NEWS FROM THE LAB - Friday, September 26, 2008

A Different Twist on the Path to the Kernel Posted by Response @ 14:52 GMT

Now here's something we don't see every day.

It's an interesting twist on an old tactic — a worm that uses a local elevation of privilege vulnerability to access the kernel and execute code.

Most malware with rootkit functionality will tamper with the Windows kernel and attempt to execute code in kernel mode. Typically, a special driver is used to do this.

Worm.Win32.AutoRun.nox has a payload that restores the original function pointers back to the kernel's System Service Table (SST). The usual motivation for malware to do this is to remove any SST hooks installed by security software or other malware that might affect its successful operation.

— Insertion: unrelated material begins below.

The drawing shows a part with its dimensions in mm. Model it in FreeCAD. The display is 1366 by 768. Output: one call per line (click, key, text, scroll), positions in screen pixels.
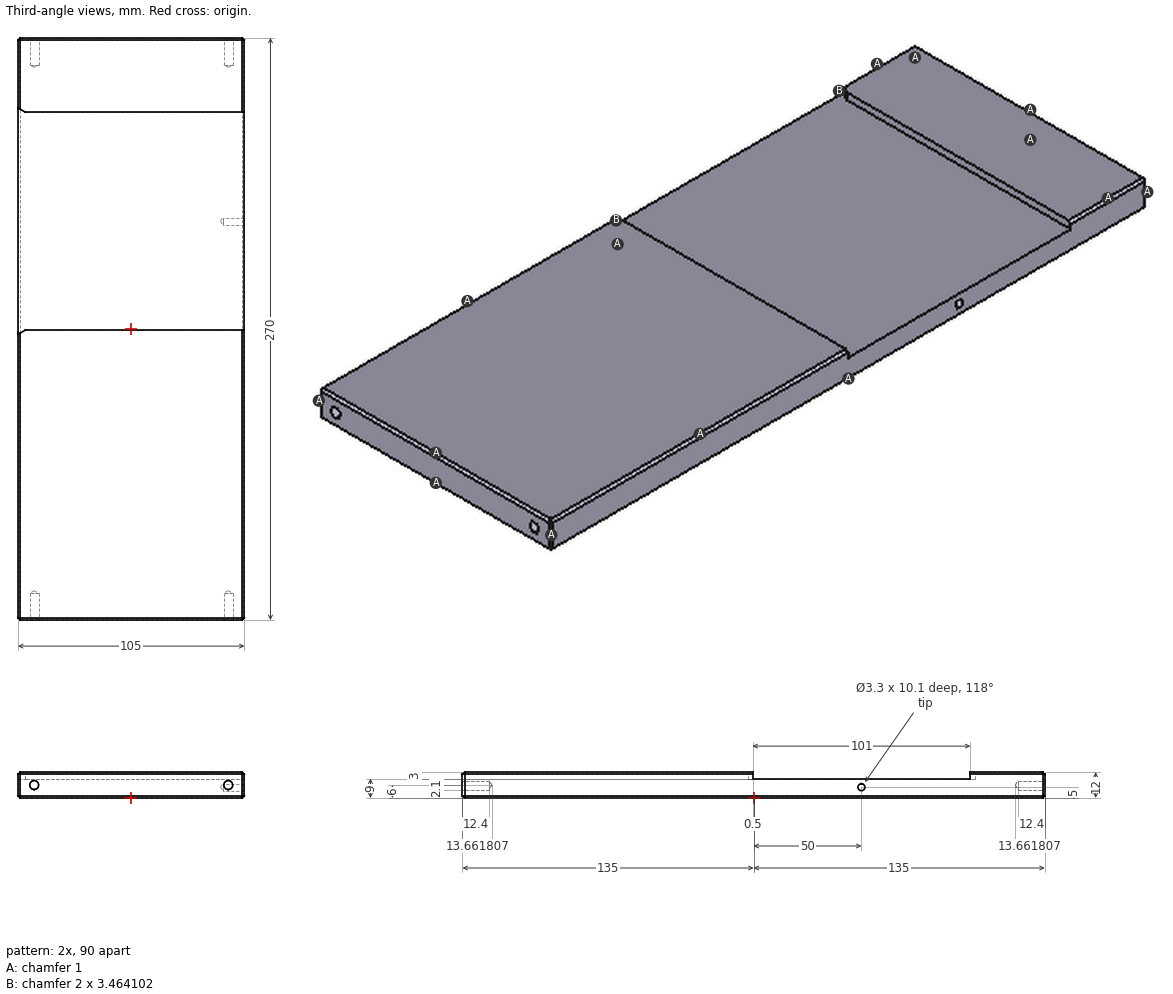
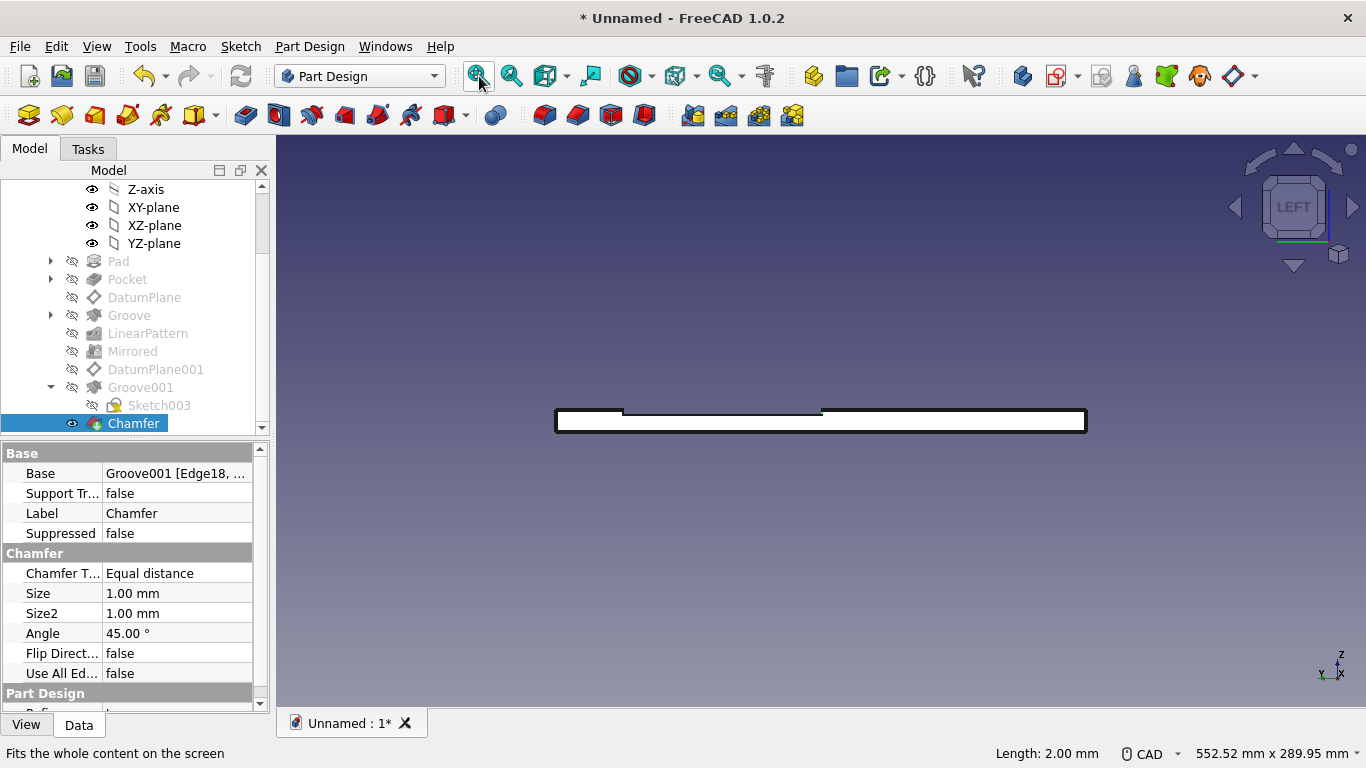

As noted, normally a special driver or the physical memory device is used to get access to kernel-mode memory to restore the pointers. AutoRun.nox is different — it uses "GDI Local Elevation of Privilege Vulnerability (CVE-2006-5758)" to do the job. For malware, its rather unique to see such a technique being used.

This vulnerability is due to an error in handling a shared memory structure, which allows the structure to be remapped from read-only to writable. April 2007's update patched the vulnerability.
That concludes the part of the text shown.